An hour later, with her heart still glowing from her visit with the Arbors, Charlene headed toward home. When she hit the highway, she polished off the half sandwich left from lunch and chased it down with a diet soft drink. Dinner on the run was a frequent occurrence in her life now, but that, too, was a blessing of sorts. She did not manage to get home for dinner with Daniel very often these days. Her hour-long commute each way solved the problem of sitting at the dinner table each night in silence with the man she had married forty-one years ago.
Once their two children had grown up and left home, the awkward quiet between them was like an uninvited guest, at first. Now the silence was an invisible, integral part of their relationship, a testament to the struggle of maintaining a marriage that neither of them seemed to know how to revive.

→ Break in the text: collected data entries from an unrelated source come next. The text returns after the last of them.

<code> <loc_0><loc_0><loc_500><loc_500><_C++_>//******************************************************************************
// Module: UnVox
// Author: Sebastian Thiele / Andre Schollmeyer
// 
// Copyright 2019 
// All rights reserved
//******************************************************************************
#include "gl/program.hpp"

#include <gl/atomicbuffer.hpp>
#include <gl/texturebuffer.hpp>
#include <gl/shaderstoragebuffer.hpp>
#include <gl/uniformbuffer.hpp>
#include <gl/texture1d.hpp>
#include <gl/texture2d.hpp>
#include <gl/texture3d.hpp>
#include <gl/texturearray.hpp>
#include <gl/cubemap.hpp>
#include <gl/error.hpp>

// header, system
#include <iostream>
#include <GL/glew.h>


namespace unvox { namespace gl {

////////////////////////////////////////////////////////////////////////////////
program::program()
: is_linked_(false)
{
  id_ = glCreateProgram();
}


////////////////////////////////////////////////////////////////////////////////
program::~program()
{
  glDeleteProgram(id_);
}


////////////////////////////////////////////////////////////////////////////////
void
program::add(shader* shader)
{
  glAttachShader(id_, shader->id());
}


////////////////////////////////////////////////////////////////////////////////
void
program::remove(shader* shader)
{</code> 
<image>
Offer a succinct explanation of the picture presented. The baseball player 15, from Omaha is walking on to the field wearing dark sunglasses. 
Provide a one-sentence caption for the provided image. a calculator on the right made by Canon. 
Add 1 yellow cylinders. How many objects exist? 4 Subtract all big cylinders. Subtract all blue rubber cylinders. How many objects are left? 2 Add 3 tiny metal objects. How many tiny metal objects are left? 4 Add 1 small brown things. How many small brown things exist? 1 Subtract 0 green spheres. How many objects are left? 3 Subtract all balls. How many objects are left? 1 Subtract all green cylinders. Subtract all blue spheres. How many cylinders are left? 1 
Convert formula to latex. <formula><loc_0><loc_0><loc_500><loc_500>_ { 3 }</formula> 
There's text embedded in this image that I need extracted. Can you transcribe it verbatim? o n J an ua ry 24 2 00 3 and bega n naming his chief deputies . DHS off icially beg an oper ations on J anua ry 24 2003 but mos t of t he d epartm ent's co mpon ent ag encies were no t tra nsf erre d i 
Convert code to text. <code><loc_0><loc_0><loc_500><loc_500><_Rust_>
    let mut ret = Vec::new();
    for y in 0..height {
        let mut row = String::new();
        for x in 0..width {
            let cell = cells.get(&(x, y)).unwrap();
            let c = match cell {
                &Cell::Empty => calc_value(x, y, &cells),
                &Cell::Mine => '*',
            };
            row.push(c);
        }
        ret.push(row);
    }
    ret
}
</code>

Dwelling on the sorry state of her marriage, however, was not how Charlene wanted to spend the rest of her drive home. Using her hands-free cell phone, she called her son, Greg, a physical therapist living in Bucks County, Pennsylvania, with his wife, Margot. When he did not answer, Charlene left a message and tried reaching her daughter, Bonnie, now a high-school guidance counselor who had moved to New York City straight from college to share an apartment with several friends who also had a love for the faster-paced city life. No answer at Bonnie’s, either, so Charlene left a message.
She often played telephone tag with the children, and it seemed that this, too, was another sign that the pattern of her life had changed. After being a full-time homemaker and stay-at-home mother, she found owning and operating her business just as demanding, but in different ways. Her mothering days might be well behind her now, but she was blessed to have the kind of store where she could channel her instinct to nurture to her customers.
Nothing, however, seemed to ease the yearning in her heart for the happy marriage she had once shared with Daniel.
For the better part of an hour, she concentrated on the heavy traffic and set her worries aside. When she finally pulled off the highway onto Magnolia Road, she hesitated for a moment, then called Daniel to let him know she was just fifteen minutes from home. To her surprise, he didn’t answer, so she left him a message, too, and then remembered that he was bowling with friends this evening.